The task
Say, as a bare number, how many lines of the listing contain "amount".
#####
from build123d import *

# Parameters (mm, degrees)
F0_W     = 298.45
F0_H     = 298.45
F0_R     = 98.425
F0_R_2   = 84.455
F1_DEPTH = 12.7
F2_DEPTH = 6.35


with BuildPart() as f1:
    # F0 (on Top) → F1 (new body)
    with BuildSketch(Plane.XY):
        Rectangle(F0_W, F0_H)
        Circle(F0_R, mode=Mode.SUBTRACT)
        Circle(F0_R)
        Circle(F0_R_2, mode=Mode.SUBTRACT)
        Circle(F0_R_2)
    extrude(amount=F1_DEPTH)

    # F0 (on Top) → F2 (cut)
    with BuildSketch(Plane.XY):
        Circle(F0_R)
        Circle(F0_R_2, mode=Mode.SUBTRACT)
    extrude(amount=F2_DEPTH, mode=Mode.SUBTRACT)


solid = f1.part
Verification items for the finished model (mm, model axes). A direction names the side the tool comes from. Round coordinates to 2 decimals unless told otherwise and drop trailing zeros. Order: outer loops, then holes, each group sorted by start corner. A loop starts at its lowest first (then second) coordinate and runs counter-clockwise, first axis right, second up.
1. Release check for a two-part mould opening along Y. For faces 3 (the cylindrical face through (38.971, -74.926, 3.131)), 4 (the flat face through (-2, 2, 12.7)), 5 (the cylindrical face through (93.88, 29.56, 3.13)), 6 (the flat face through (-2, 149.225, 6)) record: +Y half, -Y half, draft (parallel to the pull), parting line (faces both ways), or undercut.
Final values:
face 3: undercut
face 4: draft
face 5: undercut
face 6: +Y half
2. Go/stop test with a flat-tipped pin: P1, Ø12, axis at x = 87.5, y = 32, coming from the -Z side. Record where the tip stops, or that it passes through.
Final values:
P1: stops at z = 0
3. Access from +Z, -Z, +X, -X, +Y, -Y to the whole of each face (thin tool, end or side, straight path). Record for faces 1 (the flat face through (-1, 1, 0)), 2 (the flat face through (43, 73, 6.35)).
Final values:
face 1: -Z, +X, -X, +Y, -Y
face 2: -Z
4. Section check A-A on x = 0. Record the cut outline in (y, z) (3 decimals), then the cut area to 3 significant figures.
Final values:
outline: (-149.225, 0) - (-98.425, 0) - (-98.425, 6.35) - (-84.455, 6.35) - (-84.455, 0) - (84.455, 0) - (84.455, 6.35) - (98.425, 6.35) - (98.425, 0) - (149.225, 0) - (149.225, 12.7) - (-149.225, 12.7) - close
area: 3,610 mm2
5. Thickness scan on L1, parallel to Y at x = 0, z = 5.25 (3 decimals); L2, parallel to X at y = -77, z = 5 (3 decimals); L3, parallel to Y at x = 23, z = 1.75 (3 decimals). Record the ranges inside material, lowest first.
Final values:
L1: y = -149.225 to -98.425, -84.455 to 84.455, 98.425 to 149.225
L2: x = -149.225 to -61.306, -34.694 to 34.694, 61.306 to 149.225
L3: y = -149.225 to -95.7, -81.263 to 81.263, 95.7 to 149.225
#####
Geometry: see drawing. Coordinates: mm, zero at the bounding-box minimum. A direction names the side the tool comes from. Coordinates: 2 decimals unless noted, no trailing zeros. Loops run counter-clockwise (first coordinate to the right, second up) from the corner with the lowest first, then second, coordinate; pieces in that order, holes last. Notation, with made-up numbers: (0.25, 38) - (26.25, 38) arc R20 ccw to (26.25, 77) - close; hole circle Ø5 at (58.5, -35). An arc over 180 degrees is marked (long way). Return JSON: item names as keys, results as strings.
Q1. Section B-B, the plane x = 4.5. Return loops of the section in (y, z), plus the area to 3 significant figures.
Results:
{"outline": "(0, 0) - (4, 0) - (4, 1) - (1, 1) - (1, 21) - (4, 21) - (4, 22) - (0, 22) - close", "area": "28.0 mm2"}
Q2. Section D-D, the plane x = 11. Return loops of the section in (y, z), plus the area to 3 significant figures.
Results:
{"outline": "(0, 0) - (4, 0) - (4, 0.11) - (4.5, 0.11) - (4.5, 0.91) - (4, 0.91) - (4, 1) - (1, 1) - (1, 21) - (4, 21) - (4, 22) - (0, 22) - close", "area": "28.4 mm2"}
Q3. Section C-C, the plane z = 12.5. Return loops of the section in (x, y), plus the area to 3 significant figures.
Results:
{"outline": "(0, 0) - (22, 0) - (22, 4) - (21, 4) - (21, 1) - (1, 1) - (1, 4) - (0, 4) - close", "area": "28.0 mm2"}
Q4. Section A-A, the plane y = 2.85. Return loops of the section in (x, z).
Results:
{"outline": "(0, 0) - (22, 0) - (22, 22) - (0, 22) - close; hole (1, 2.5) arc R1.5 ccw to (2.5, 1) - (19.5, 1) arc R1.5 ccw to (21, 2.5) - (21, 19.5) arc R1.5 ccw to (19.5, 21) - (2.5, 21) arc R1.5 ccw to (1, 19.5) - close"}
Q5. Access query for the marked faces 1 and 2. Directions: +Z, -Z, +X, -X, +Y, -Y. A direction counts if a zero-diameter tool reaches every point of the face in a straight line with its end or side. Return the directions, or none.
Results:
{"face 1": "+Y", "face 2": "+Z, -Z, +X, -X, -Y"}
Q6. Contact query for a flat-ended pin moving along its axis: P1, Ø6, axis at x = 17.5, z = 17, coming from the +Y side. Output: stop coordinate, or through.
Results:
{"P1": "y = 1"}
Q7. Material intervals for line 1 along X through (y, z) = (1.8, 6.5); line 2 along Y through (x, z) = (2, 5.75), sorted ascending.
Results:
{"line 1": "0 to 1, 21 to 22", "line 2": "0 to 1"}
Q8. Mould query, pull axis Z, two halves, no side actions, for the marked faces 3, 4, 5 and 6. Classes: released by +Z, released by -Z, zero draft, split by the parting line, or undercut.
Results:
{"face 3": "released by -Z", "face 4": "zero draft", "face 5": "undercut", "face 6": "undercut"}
#####
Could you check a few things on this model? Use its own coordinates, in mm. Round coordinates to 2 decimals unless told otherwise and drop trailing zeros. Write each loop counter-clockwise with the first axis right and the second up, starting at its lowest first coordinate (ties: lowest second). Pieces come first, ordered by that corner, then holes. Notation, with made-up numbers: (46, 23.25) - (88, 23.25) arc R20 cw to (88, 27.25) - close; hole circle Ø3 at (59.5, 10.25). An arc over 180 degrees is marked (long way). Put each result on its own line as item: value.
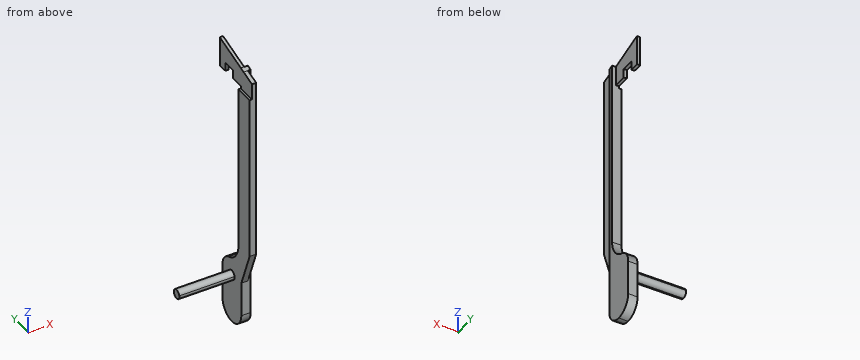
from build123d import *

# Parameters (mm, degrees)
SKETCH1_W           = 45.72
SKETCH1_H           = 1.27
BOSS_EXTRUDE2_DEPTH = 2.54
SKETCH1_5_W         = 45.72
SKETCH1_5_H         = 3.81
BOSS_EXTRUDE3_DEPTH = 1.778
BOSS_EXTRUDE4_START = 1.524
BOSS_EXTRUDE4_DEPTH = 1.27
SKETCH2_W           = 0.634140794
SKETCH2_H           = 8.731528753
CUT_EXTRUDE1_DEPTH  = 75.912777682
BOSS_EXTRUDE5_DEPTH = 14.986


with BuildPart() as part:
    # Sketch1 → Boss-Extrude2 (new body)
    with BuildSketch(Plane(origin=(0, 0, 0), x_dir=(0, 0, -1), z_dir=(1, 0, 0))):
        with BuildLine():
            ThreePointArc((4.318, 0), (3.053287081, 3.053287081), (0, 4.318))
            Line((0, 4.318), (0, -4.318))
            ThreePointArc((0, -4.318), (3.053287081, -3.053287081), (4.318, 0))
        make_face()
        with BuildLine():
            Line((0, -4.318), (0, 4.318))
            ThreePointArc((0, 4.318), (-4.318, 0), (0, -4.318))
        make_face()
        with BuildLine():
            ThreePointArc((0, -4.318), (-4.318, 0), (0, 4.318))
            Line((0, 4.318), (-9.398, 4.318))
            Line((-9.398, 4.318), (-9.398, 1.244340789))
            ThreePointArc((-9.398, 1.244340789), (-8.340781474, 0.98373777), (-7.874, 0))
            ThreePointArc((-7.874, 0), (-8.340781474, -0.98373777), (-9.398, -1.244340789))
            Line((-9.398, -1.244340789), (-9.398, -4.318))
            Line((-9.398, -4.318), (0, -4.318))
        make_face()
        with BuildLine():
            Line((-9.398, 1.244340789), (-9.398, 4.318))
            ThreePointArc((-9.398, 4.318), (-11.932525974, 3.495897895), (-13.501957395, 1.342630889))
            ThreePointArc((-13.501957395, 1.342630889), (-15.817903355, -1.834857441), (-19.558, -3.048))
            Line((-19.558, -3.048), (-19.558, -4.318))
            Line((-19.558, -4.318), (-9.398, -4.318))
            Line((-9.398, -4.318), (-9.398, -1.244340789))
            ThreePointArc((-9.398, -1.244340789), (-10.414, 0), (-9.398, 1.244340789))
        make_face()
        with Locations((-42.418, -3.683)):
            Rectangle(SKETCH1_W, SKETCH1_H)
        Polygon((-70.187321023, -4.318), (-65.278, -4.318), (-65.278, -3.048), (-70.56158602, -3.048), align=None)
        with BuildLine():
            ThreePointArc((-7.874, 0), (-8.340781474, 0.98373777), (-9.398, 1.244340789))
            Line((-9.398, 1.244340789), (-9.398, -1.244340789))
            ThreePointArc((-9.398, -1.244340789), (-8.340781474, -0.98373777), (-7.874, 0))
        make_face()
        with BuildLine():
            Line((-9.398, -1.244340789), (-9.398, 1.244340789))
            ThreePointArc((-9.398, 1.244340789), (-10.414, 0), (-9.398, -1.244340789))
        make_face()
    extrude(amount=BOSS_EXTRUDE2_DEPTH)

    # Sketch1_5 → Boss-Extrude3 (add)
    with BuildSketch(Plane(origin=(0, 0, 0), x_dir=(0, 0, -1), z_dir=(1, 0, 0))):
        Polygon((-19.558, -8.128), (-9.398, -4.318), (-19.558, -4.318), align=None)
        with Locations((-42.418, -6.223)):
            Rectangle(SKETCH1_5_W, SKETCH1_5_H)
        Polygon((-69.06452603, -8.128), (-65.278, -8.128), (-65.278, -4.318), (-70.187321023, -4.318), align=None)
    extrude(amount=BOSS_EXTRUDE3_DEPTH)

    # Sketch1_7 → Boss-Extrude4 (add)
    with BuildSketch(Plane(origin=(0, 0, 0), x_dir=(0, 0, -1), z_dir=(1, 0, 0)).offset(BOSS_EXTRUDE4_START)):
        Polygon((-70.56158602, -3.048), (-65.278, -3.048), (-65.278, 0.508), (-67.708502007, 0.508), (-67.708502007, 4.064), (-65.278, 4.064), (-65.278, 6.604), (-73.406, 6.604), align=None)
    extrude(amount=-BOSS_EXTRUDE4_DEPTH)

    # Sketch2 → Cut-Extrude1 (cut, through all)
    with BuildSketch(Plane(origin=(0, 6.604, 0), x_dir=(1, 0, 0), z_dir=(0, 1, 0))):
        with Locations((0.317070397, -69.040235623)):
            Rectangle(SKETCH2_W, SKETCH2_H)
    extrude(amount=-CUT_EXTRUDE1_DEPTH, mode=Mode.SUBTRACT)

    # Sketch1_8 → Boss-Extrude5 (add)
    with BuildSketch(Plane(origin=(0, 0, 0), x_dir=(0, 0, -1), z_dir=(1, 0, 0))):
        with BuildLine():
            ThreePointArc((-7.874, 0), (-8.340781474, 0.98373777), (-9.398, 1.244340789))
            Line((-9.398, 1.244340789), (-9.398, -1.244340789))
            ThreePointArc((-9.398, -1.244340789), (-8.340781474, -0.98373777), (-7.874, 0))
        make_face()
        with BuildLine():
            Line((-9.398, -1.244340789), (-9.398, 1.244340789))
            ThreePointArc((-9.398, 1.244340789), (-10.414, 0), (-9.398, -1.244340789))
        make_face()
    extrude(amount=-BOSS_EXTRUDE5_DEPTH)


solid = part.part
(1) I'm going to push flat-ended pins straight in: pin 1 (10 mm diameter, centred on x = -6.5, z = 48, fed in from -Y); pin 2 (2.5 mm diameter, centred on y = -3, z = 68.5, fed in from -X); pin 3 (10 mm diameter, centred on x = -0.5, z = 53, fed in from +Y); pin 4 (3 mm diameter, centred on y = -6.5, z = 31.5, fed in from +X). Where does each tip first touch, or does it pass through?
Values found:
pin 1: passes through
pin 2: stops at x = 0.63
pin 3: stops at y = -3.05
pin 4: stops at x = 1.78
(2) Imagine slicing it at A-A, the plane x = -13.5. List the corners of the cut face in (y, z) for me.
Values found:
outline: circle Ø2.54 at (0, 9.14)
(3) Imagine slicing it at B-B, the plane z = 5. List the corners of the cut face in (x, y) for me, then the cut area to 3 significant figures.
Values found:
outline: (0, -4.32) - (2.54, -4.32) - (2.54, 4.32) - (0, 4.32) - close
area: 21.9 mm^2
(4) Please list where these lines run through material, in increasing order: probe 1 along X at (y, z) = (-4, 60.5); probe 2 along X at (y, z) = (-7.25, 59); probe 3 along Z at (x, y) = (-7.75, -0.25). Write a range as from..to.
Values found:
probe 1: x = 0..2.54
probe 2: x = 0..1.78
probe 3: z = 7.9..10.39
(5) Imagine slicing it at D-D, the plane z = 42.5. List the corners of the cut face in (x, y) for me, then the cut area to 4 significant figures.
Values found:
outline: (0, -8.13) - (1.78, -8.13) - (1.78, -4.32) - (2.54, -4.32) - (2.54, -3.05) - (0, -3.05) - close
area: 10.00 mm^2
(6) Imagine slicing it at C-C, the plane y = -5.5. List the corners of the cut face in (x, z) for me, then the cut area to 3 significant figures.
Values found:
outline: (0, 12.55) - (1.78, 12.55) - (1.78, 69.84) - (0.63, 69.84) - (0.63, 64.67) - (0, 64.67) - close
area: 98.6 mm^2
#####
Solution below
7